Overview
Builder Execution Oracle extends Builder Execution Extension (BEX) by allowing contracts to access builder-side capabilities that are impractical or impossible to perform on-chain.
While BEX already enables expensive computation to run off-chain before execution, the Builder Execution Oracle focuses on specialized sources of information and computation, such as:
external data sources
complex optimization routines
numerical solvers and derivative calculations
external market signals
These capabilities allow strategies to incorporate information that exists outside the EVM or requires heavy computation, while still executing safely and atomically on-chain.
A simple example
Consider a strategy that wants to trade on a decentralized exchange only if the price differs from the price on Binance.
A contract alone cannot access Binance data. With Builder Execution Oracle:
During the
computephase, a built-in method retrieves the Binance price.The compute function compares that price with the DEX price.
If a profitable opportunity exists, the compute step returns the trade parameters.
The
executestep performs the swap on-chain while enforcing safety constraints.
The external data is used to determine the opportunity, but the final trade still executes deterministically on-chain.
How it works
The Builder Execution Oracle operates during the BEX compute phase.
When the builder simulates the compute call, it can resolve built-in methods that run inside the builder runtime. These methods may:
fetch external resources (for example, a CEX orderbook or RFQ quote)
run numerical optimization or mathematical solvers
perform large search or simulation workloads
aggregate external market information
The result of these operations is returned to the compute function as ABI-encoded bytes.
The builder then continues the standard BEX flow:
The
computefunction returns its final value.The builder appends that value to the
executecalldata prefix.The resulting transaction is simulated.
If it succeeds and is profitable, it may be included in the block.
From the contract’s perspective, the oracle behaves like a normal function call during the compute phase.
The heavy work happens inside the builder runtime, and only the minimal result required for execution is passed on-chain.
The execute step remains the source of truth. Contracts must verify constraints and ensure safety conditions are met before applying any oracle-derived result.
What the Builder Execution Oracle enables
The Builder Execution Oracle allows strategies to incorporate external information and sophisticated computation that cannot reasonably exist on-chain.
External market data
Many strategies depend on prices or liquidity from centralized exchanges or other off-chain venues.
During the compute phase, the builder can retrieve and normalize external market data and use it to determine execution parameters.
Example uses include:
comparing CEX prices with DEX pools
validating arbitrage opportunities
anchoring trades to off-chain market signals
RFQ and off-chain liquidity
Some protocols rely on off-chain quoting systems or liquidity providers.
During compute, the builder may request quotes from external providers and evaluate them alongside on-chain liquidity.
This enables strategies that:
request RFQ quotes
compare them with DEX routes
execute the best option on-chain
Numerical optimization
Certain strategies require solving mathematical problems that are inefficient to implement in Solidity.
Examples include:
derivative-based optimization of AMM trades
solving equations for optimal trade size
numerical root finding or gradient-based optimization
These algorithms can run inside the builder runtime during compute, returning optimal parameters for on-chain execution.
Large search or simulation workloads
Some strategies require exploring large search spaces or running simulations that would be prohibitively expensive on-chain.
Examples include:
evaluating many arbitrage routes
optimizing trade allocation across venues
computing portfolio rebalancing strategies
The builder performs the exploration during compute and returns only the final parameters required for execution.
Design philosophy
Builder Execution Oracle follows a simple principle:
Expensive or external computation happens in the builder.

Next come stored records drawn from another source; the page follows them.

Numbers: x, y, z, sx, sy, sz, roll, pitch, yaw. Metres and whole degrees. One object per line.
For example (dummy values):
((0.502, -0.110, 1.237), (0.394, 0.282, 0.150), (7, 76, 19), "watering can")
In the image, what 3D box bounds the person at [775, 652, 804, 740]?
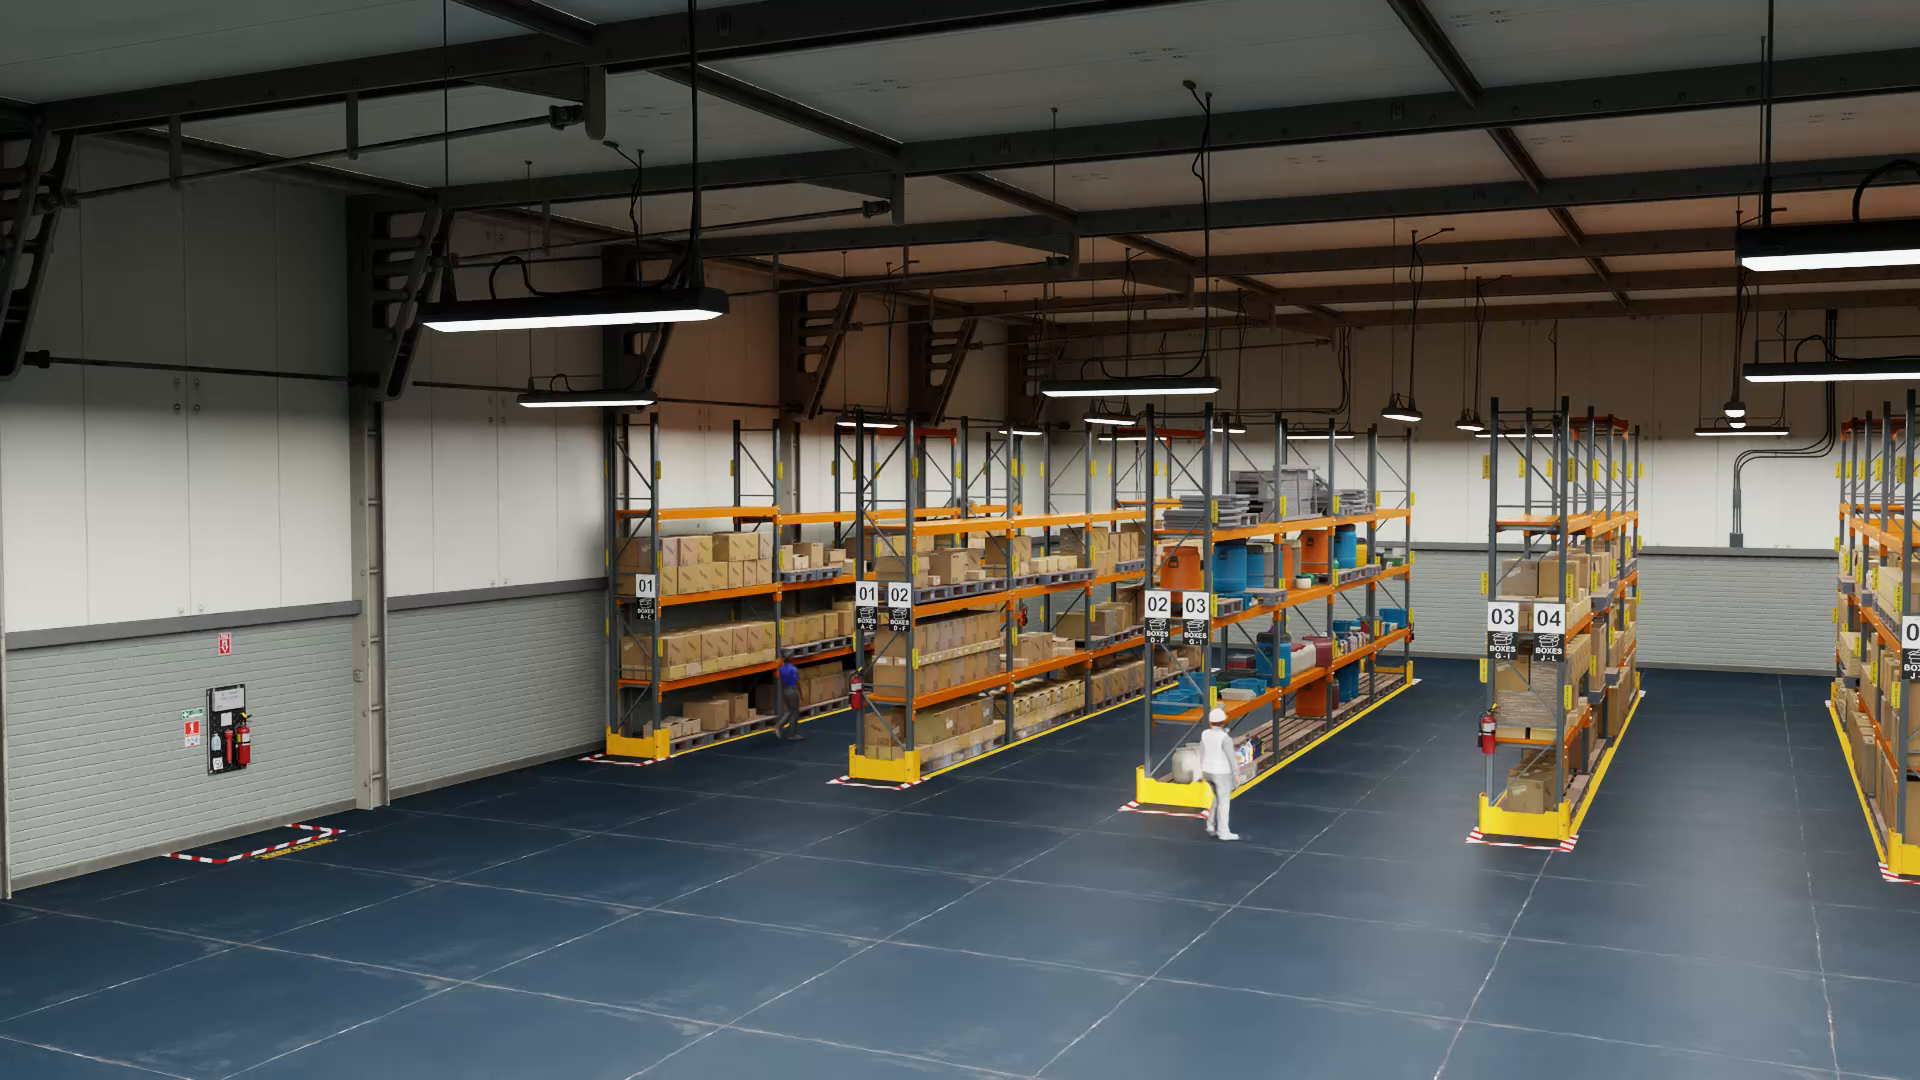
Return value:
((-3.140, 2.874, 30.698), (0.510, 1.643, 0.450), (-1, 3, -30), "person")

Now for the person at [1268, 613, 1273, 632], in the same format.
((7.244, 2.530, 38.263), (0.623, 1.825, 0.501), (-1, 3, -32), "person")

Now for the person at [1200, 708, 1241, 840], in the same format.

Minimal verification and execution happens on-chain.
This approach keeps on-chain logic compact and deterministic while allowing strategies to incorporate sophisticated off-chain reasoning.
Security and trust model
Builder Execution Oracle does not introduce new cryptographic guarantees.
Builder-side computation is not proven on-chain. Instead, correctness is enforced through the execute path:
the contract verifies safety constraints
execution succeeds only if those constraints are satisfied
otherwise the transaction reverts
Because of this model:
oracle results must be treated as untrusted inputs
execute paths should enforce price bounds, slippage limits, or other invariants
strategies should remain safe even if oracle outputs are incorrect or stale
External-resource built-ins may also be subject to builder policy and operational limits.